Mellanox Paper: RoCE vs iWARP
Chelsio, a competitor which focuses heavily on iWARP, published the following comparison in which the benefits of ease of use, fewer support issues, less cost, as well as congestion control mechanisms, scalability and routability of iWARP, are highlighted.
Chelsio Paper: RoCE vs iWARP
We have found from our experience that Chelsio’s Linux drivers can be difficult to install in comparison to the Mellanox OFED driver package. On the other hand, we find that Chelsio’s Windows drivers behave much better on Windows-based operating systems. Especially in dual-CPU workstations, a higher performance can be seen compared to Mellanox. Unfortunately, the two RDMA standards are not cross-compatible with each other, which means that a decision needs to be made on which one to use.
How Much Faster is RDMA Compared to TCP?
Mellanox, an established networking equipment manufacturer, has published the following interesting white paper on the benefits of RDMA in which they have compared different performance metrics of TCP against RoCE with SMB Direct. RoCE has outperformed TCP in every metric in a 25GbE setup. Read and write bandwidth is approximately 30% higher with a more efficient CPU utilization – particularly for the read operations where the results differ about 50%. This is especially good news for media workflows which are known to be quite read-heavy and require the usage of CPU-hungry applications.

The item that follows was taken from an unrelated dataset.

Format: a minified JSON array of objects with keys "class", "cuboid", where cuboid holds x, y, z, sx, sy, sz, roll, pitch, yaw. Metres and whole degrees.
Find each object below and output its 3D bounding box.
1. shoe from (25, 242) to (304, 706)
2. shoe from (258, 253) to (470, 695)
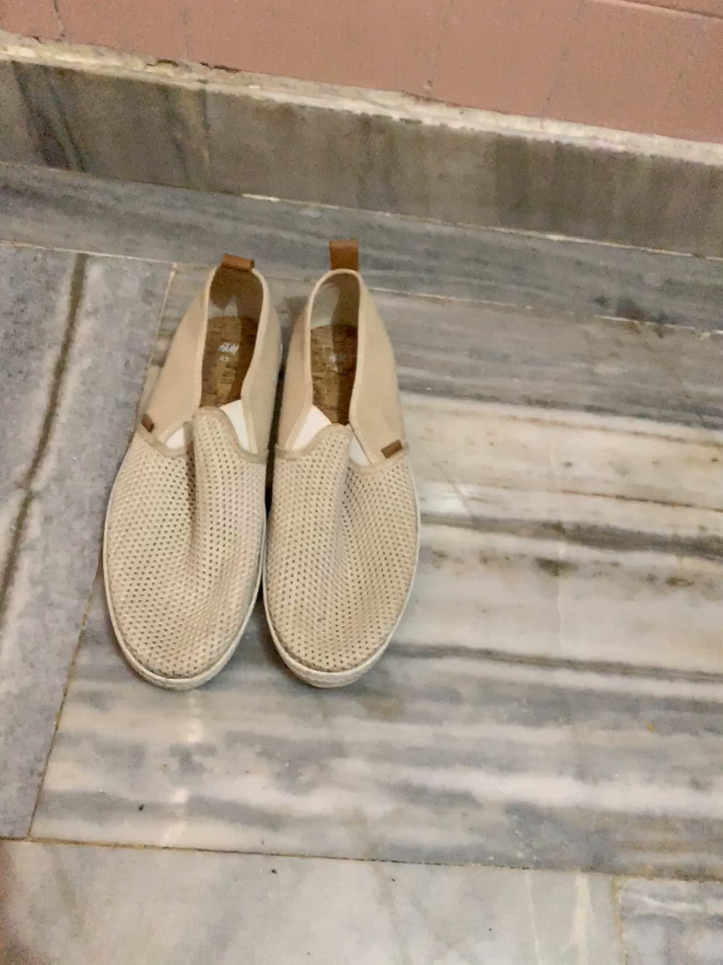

Mellanox: Benefits of RDMA over Routed Fabrics
Nvidia, which is the new owner of Mellanox, also published a similar test in which they compared TCP to RoCE with NFS through a 100GbE connection. Their findings show a 2 to 3 times higher bandwidth when a block size of 128KB is used and about 1,5 times higher IOPs values with 2KB and 8KB block sizes.
RDMA and ELEMENTS
Until recently using Fibre Channel was the only way to achieve the performance required for demanding media workflows. Thanks to our NVMe-powered ELEMENTS BOLT, this is now a thing of the past. Soon, speeds of up to 70 Gigabytes per second per chassis and practically instant data access can make an Ethernet connection seem impossibly fast. Adding RDMA to the mix (which we have implemented since 2017) allows us to scale NAS performance and get the most out of flash-based storage like BOLT. With RDMA, the overall scalability of the environment grows and allows your facility access to the most demanding workflows – without the need for a large investment into another type of network (or more clearly Fibre Channel) infrastructure. We recommend reading our Bulletproof solution for 4K HDR framestack workflows blog to find out just how simple and cost-efficient a high-performance environment can be.
RDMA is a technology that is hugely beneficial to media workflows. Not only does it increase the connection throughput by a significant margin, but it also brings lower latency compared to TCP. By bypassing the operating systems networking stack and allowing the network adapter direct access to application memory, RDMA significantly reduces CPU utilization on both the host and the server side. This is of great value for media use cases as the freed-up CPU resources can be used by the applications, for example, to reduce the time it takes to render a timeline. RDMA is also a great match with flash-based storage as it helps to solve the transmission bottleneck by allowing more efficient utilization of the performance offered by the storage.
RDMA can bring clear performance benefits to your storage environment and allow for workflows that would otherwise not be possible.